The professor’s office is in many ways a sacred space. Secrets are told, friendships develop, tears are shed, laughs are had, life choices are made and re-made. You may think the good stuff happens in the classroom, and yes, sometimes it does, but the stuff of life can happen in the professor’s office. And first-year students often realize this later than they should. For some reason, first-year students are sometimes nervous to come and see us, believe it or not! 

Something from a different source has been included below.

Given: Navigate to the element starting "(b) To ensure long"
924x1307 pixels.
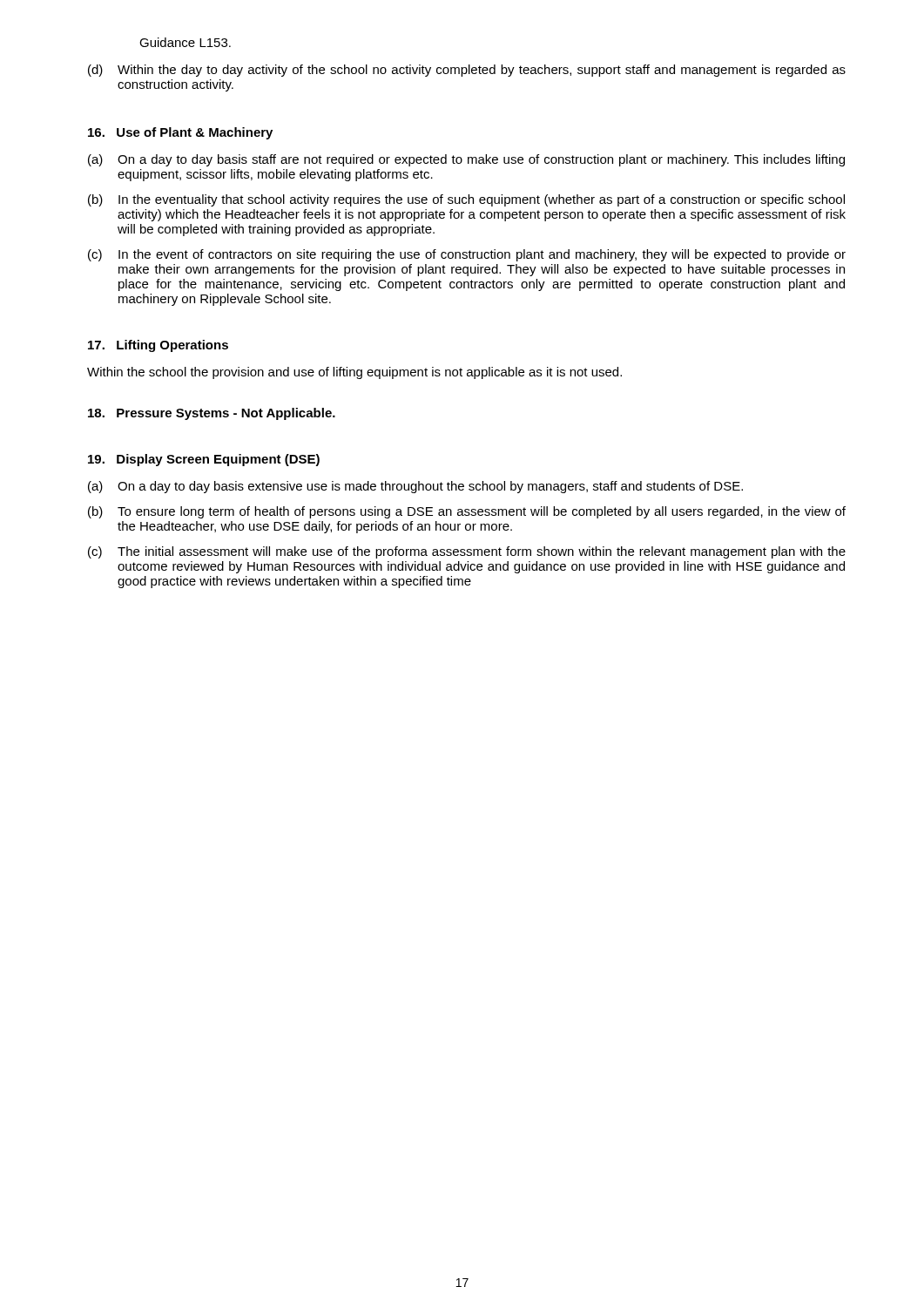Looking at the screenshot, I should (x=466, y=518).

I promise we do not sit in our offices dressed like this (in black robes and hats). We are usually dressed like normal people, except for Dr. Miller in English, who always wears something purple. Believe me, we would much rather stop whatever we are doing (because it’s usually something fairly boring, like planning for another academic meeting) and talk to you. We love to hear your stories. We want to know what new idea you had in class. We are ready to hear why you are having a hard time studying, or help you discover why the first exam or paper didn’t go as well as you hoped. We are ready to help you find what makes you happy. And I’m not talking about happiness as an experience that briefly gives you some enjoyment, like going to a concert or watching the homecoming parade, although we surely encourage those activities. I’m talking about a deeper happiness, and you will be hearing about it as your vocation in your FYS course this year. This happiness, Hellen Keller writes, “is not attained through self-gratification, but through fidelity to a worthy purpose.” Helping you find your worthy purpose is our vocation, because watching you grow, learn, and mature over four years is a true joy. So, for the next four years, we’ll be there, in our offices, ready to listen, and happy to see you. I’ll see you in my office!